> [Extracted material]:
+ + + + +

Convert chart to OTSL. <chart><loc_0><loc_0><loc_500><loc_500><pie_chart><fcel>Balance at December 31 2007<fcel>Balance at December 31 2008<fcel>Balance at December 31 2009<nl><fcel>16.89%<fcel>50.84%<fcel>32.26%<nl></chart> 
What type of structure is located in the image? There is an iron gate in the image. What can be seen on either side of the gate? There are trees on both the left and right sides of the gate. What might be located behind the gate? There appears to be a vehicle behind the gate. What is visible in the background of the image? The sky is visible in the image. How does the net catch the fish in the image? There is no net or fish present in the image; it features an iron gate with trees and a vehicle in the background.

+ + + + +

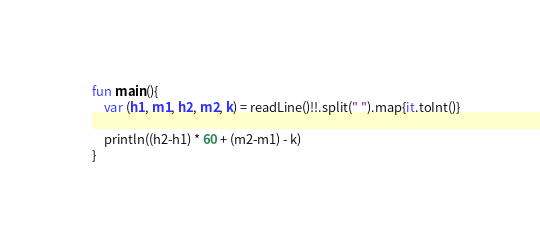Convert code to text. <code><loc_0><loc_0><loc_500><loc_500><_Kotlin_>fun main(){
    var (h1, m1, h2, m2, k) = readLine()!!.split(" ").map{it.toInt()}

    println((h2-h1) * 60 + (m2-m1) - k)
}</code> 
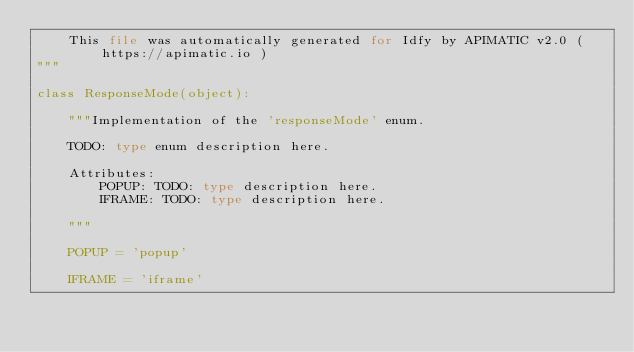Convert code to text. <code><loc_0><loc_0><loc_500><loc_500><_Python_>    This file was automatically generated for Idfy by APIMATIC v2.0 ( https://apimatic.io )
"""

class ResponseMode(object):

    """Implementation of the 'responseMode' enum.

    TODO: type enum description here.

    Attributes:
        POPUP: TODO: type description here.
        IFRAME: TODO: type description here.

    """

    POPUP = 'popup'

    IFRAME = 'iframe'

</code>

+ + + + +

> [The problem]: Reproduce every line above containing "description".

> [Exercise solution]:
    TODO: type enum description here.
        POPUP: TODO: type description here.
        IFRAME: TODO: type description here.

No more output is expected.